Mais, comme par hasard, la prochaine réunion de négociation avec le Medef a été reportée à février 2009. Conséquence: si elle n'est pas définitivement enterrée, la réforme qui devait entrer en vigueur au début de janvier prochain ne pourra pas être mise en oeuvre avant janvier 2010, et la patronat aura gagné au moins un an.
Ce ne serait pas la première fois qu'une tentative de contrôle des prix de transfert finit en queue de poisson. Depuis des années, la Commission européenne planche sur un projet de directive qui permettrait d'unifier sur ce chapitre les législations fiscales des Etats de l'Union et donc de limiter les transferts de marchandises à prix bidon. Mais tout est bloqué car des pays comme l'Irlande ou la Hollande ne veulent pas entendre parler d'un projet qui leur ferait perdre une part importante de leurs recettes.

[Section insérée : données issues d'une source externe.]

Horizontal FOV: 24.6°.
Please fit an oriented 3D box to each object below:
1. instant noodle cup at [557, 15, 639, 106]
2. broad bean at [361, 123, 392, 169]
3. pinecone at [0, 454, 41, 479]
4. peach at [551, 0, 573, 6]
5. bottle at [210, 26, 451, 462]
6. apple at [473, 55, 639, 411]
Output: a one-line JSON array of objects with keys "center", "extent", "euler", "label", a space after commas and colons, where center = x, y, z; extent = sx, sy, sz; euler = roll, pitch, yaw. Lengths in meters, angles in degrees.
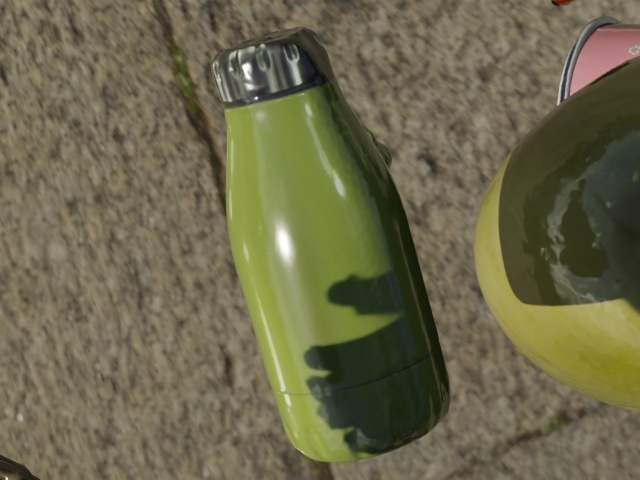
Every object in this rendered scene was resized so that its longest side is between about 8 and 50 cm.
[{"center": [0.395, -0.115, 1.445], "extent": [0.244, 0.255, 0.244], "euler": [0, 91, -54], "label": "instant noodle cup"}, {"center": [0.028, -0.083, 1.393], "extent": [0.083, 0.045, 0.063], "euler": [32, 117, 11], "label": "broad bean"}, {"center": [-0.139, 0.196, 0.562], "extent": [0.243, 0.243, 0.257], "euler": [15, 127, -25], "label": "pinecone"}, {"center": [0.233, -0.279, 1.422], "extent": [0.061, 0.098, 0.098], "euler": [-28, 125, 28], "label": "peach"}, {"center": [0.000, 0.000, 0.910], "extent": [0.112, 0.112, 0.260], "euler": [-18, 102, -12], "label": "bottle"}, {"center": [0.271, -0.002, 1.185], "extent": [0.292, 0.292, 0.254], "euler": [-39, 77, 0], "label": "apple"}]
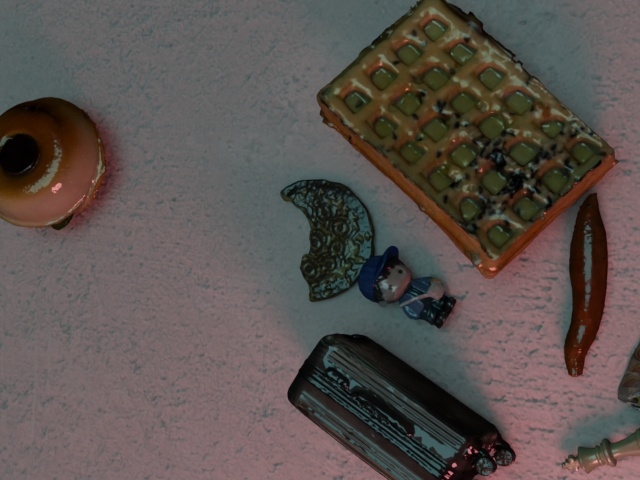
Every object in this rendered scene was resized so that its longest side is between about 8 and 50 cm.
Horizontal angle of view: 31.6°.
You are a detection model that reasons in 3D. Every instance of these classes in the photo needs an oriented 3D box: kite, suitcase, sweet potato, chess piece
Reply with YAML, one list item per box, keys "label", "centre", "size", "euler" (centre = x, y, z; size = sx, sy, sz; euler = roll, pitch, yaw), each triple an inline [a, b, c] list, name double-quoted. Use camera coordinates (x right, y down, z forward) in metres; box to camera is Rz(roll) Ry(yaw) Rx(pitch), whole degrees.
- label: "kite"
  centre: [0.490, 0.135, 1.561]
  size: [0.127, 0.016, 0.229]
  euler: [17, 87, 49]
- label: "suitcase"
  centre: [0.114, 0.259, 1.612]
  size: [0.312, 0.202, 0.128]
  euler: [35, 97, 19]
- label: "sweet potato"
  centre: [0.380, 0.063, 1.610]
  size: [0.057, 0.057, 0.264]
  euler: [3, 87, 21]
- label: "chess piece"
  centre: [0.406, 0.294, 1.579]
  size: [0.149, 0.059, 0.059]
  euler: [-21, 78, 22]

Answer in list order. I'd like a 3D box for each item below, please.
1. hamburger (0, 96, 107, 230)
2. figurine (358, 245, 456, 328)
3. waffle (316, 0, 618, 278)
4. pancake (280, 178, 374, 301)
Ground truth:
- label: "hamburger"
  centre: [-0.467, -0.132, 1.898]
  size: [0.237, 0.147, 0.236]
  euler: [-4, 76, 18]
- label: "figurine"
  centre: [0.129, 0.071, 1.697]
  size: [0.149, 0.087, 0.086]
  euler: [30, 78, 6]
- label: "waffle"
  centre: [0.202, -0.153, 1.629]
  size: [0.261, 0.114, 0.376]
  euler: [-40, 72, -8]
- label: "pancake"
  centre: [0.000, 0.000, 1.777]
  size: [0.184, 0.020, 0.190]
  euler: [21, 91, 20]
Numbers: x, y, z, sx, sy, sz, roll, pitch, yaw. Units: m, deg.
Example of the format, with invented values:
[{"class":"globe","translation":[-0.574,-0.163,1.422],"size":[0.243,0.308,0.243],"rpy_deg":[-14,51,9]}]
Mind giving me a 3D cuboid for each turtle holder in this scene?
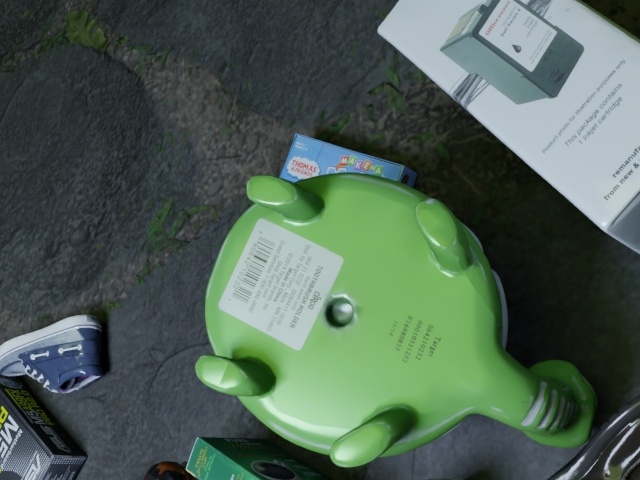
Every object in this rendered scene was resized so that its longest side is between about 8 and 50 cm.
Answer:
[{"class":"turtle holder","translation":[0.070,0.066,0.781],"size":[0.320,0.227,0.243],"rpy_deg":[-6,80,17]}]

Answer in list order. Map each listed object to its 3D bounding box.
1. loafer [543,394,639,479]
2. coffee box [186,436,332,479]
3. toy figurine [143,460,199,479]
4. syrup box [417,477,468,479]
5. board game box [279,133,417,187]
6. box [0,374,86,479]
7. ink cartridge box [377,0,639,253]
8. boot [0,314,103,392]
[{"class":"loafer","translation":[0.251,0.194,0.718],"size":[0.220,0.080,0.078],"rpy_deg":[-51,60,22]},{"class":"coffee box","translation":[-0.035,0.254,0.885],"size":[0.184,0.113,0.040],"rpy_deg":[22,93,37]},{"class":"toy figurine","translation":[-0.164,0.346,0.929],"size":[0.209,0.148,0.213],"rpy_deg":[-35,58,24]},{"class":"syrup box","translation":[0.133,0.328,0.746],"size":[0.093,0.096,0.237],"rpy_deg":[-46,55,20]},{"class":"board game box","translation":[0.000,0.000,0.976],"size":[0.160,0.039,0.211],"rpy_deg":[22,91,38]},{"class":"box","translation":[-0.453,0.345,1.201],"size":[0.216,0.060,0.270],"rpy_deg":[35,99,38]},{"class":"ink cartridge box","translation":[0.215,-0.117,0.743],"size":[0.121,0.211,0.289],"rpy_deg":[-51,52,16]},{"class":"boot","translation":[-0.372,0.170,1.184],"size":[0.190,0.069,0.086],"rpy_deg":[-25,60,27]}]
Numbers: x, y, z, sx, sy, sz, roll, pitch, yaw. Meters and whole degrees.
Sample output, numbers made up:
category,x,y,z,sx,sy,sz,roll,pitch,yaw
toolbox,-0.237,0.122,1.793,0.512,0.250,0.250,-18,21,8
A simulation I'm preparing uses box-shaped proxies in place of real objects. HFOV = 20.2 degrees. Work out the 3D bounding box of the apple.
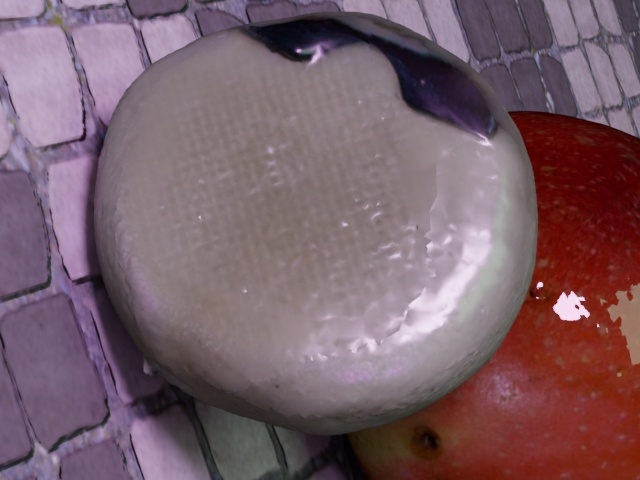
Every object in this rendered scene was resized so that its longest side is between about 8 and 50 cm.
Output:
category,x,y,z,sx,sy,sz,roll,pitch,yaw
apple,0.164,0.075,1.321,0.348,0.277,0.349,38,46,-54

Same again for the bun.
category,x,y,z,sx,sy,sz,roll,pitch,yaw
bun,0.000,0.000,1.137,0.179,0.283,0.283,80,5,-66
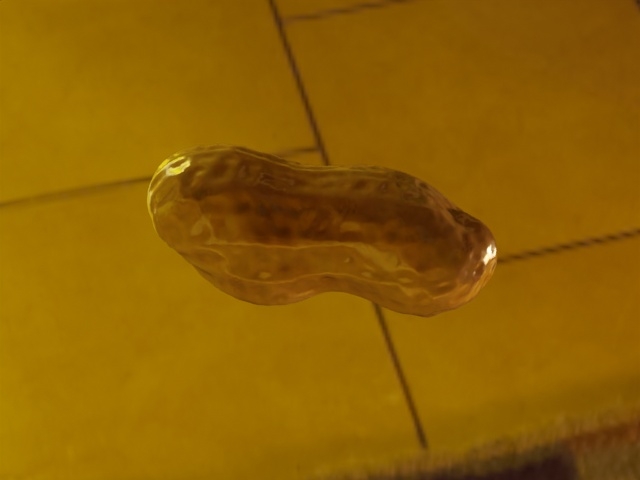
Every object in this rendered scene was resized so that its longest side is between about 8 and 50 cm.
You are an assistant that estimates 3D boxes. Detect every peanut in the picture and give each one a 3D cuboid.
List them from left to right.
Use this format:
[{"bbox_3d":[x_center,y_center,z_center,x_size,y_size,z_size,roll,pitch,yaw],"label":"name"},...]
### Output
[{"bbox_3d":[0.000,0.000,1.326,0.274,0.125,0.111,11,21,1],"label":"peanut"}]
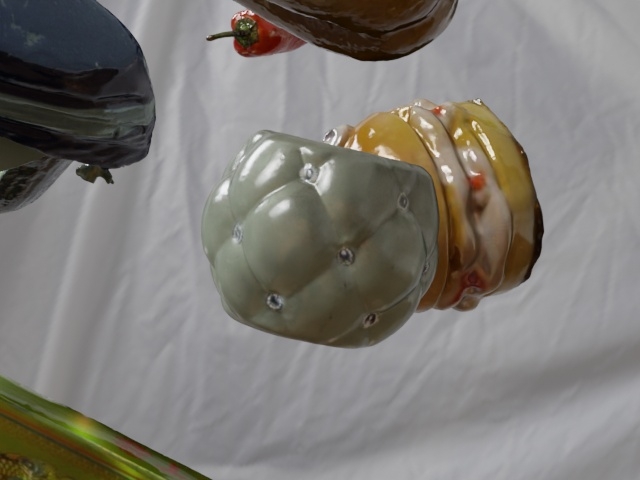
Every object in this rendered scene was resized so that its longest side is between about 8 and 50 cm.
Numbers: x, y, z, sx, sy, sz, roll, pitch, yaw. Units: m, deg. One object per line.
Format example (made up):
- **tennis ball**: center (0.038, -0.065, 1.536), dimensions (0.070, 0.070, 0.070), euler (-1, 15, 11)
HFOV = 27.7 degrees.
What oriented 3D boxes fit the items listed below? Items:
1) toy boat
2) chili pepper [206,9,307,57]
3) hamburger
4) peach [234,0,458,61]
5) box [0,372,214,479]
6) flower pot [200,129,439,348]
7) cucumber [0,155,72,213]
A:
- **toy boat**: center (-0.224, -0.057, 0.688), dimensions (0.220, 0.291, 0.067), euler (19, 59, -40)
- **chili pepper**: center (-0.043, -0.265, 1.606), dimensions (0.071, 0.063, 0.272), euler (3, 18, 40)
- **hamburger**: center (0.105, -0.035, 1.564), dimensions (0.276, 0.236, 0.276), euler (167, -90, -69)
- **peach**: center (-0.005, -0.232, 0.994), dimensions (0.251, 0.153, 0.251), euler (14, -4, 1)
- **box**: center (-0.187, 0.247, 0.758), dimensions (0.173, 0.311, 0.043), euler (28, 11, -4)
- **flower pot**: center (0.000, 0.000, 1.317), dimensions (0.246, 0.195, 0.246), euler (14, 2, -1)
- **cucumber**: center (-0.294, -0.090, 1.347), dimensions (0.063, 0.115, 0.244), euler (29, -32, -21)
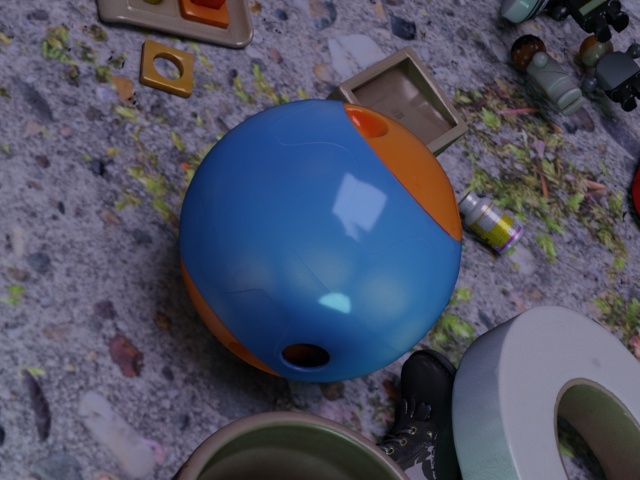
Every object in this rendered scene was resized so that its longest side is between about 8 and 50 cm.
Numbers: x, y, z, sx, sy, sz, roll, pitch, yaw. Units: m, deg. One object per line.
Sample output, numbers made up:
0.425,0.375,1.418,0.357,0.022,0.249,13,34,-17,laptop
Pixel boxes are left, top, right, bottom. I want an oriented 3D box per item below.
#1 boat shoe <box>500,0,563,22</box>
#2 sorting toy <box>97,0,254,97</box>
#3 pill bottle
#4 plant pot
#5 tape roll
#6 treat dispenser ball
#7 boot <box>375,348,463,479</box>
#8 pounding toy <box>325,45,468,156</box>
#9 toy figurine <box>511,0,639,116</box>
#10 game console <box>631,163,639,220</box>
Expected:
0.350,-0.381,2.110,0.102,0.108,0.301,39,40,-3,boat shoe
-0.176,-0.325,1.760,0.196,0.047,0.347,5,57,-30,sorting toy
0.207,-0.024,1.804,0.083,0.043,0.043,41,46,-2,pill bottle
-0.056,0.310,1.274,0.263,0.229,0.263,17,53,-23,plant pot
0.291,0.254,1.578,0.392,0.072,0.392,32,41,-33,tape roll
0.000,0.000,1.485,0.288,0.288,0.288,17,52,-23,treat dispenser ball
0.049,0.222,1.500,0.229,0.091,0.262,10,57,-29,boot
0.069,-0.100,1.741,0.206,0.094,0.181,-33,86,-33,pounding toy
0.375,-0.285,1.984,0.213,0.209,0.148,-10,51,-32,toy figurine
0.623,-0.036,2.087,0.387,0.060,0.342,37,42,-7,game console
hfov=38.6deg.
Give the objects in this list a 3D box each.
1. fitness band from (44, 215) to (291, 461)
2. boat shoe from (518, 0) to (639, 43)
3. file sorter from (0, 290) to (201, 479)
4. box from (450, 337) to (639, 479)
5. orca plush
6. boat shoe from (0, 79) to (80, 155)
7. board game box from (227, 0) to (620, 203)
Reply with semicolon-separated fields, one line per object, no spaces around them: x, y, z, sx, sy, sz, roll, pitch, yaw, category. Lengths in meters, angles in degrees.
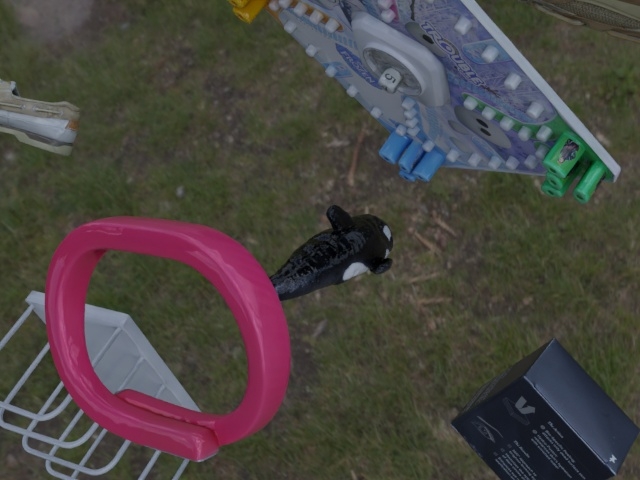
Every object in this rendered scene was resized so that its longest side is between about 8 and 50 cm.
-0.149;0.083;0.840;0.291;0.054;0.209;7;102;37;fitness band
0.226;-0.261;0.866;0.341;0.110;0.122;19;73;-15;boat shoe
-0.315;0.235;1.265;0.193;0.278;0.173;9;51;33;file sorter
0.278;0.233;1.137;0.156;0.158;0.093;48;47;5;box
0.000;0.000;1.276;0.287;0.102;0.151;-17;19;-34;orca plush
-0.618;-0.262;1.773;0.302;0.113;0.103;19;96;-16;boat shoe
0.080;-0.187;1.008;0.050;0.390;0.390;-53;24;-10;board game box
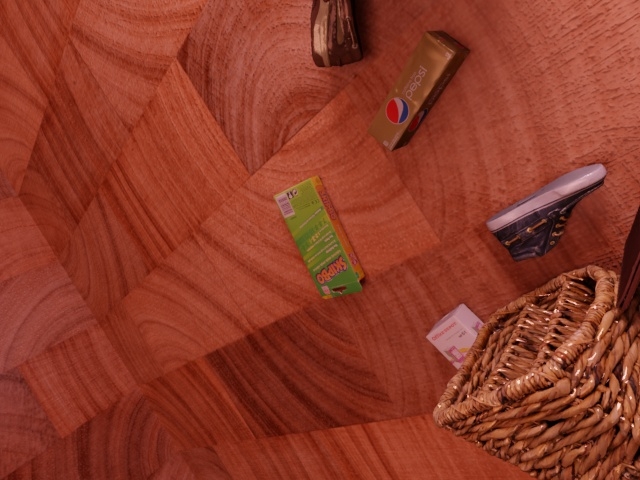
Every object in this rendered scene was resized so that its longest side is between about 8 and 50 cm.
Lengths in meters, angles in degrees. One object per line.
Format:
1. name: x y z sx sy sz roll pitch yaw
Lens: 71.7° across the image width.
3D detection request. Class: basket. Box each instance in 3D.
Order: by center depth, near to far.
1. basket: 0.315 0.144 0.592 0.223 0.299 0.213 24 126 29

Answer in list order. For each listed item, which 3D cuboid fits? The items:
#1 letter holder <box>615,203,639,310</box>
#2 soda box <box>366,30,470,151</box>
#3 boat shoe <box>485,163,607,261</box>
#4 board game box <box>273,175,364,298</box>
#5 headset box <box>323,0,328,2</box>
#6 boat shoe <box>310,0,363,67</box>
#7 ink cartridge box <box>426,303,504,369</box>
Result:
1. letter holder: 0.434 -0.068 0.449 0.152 0.214 0.301 18 122 31
2. soda box: 0.150 -0.232 0.699 0.058 0.061 0.181 44 132 14
3. boat shoe: 0.342 -0.036 0.649 0.083 0.065 0.183 54 139 1
4. board game box: 0.000 0.000 0.957 0.124 0.039 0.259 -19 96 43
5. headset box: 0.042 -0.435 0.501 0.294 0.218 0.110 -26 74 21
6. boat shoe: 0.036 -0.411 0.697 0.095 0.095 0.257 3 114 12
7. ink cartridge box: 0.272 0.191 0.822 0.122 0.052 0.088 46 133 13
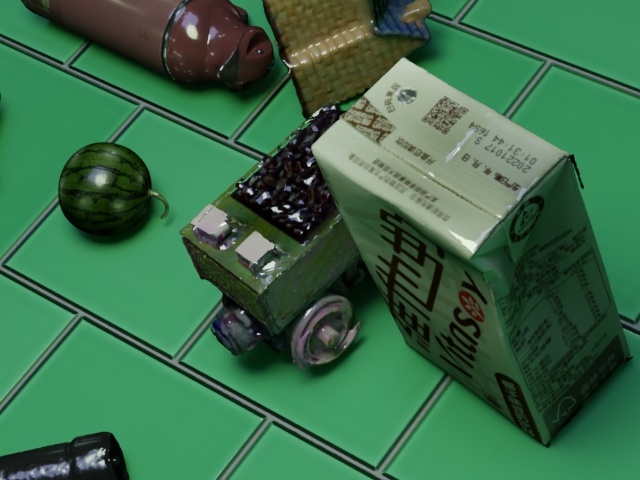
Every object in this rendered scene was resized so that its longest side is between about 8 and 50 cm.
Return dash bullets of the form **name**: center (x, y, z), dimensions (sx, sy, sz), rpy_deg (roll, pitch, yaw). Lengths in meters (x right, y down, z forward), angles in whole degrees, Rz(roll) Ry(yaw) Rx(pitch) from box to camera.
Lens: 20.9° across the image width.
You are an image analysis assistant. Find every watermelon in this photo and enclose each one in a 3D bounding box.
- **watermelon**: center (-0.219, -0.054, 1.801), dimensions (0.109, 0.109, 0.109), rpy_deg (-7, 52, 10)

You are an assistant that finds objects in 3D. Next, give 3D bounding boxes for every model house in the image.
- **model house**: center (0.021, -0.262, 1.839), dimensions (0.172, 0.183, 0.166), rpy_deg (-21, 53, 2)

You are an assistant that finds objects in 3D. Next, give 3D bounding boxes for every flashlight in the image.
- **flashlight**: center (-0.296, 0.231, 1.615), dimensions (0.232, 0.093, 0.093), rpy_deg (-13, 52, 5)

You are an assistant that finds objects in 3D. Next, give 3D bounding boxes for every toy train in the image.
- **toy train**: center (0.000, 0.000, 1.651), dimensions (0.261, 0.177, 0.134), rpy_deg (-42, 54, -18)

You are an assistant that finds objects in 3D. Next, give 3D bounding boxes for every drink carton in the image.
- **drink carton**: center (0.137, 0.018, 1.511), dimensions (0.132, 0.324, 0.194), rpy_deg (-45, 53, -14)

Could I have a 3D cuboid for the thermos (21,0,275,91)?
- **thermos**: center (-0.179, -0.246, 1.943), dimensions (0.330, 0.136, 0.110), rpy_deg (27, 92, 30)

Heureusement, les as de l'évasion fiscale gardent le sens de la fête. La preuve: le 2 octobre, en pleine tourmente financière, une partie d'entre eux étaient réunis à New-York pour une petite sauterie en l'honneur des lauréats des prix de l'International Tax Review. Une récompense qui a distingué, cette année, " les équipes les plus novatrices" dans ce genre d'astuces fiscales.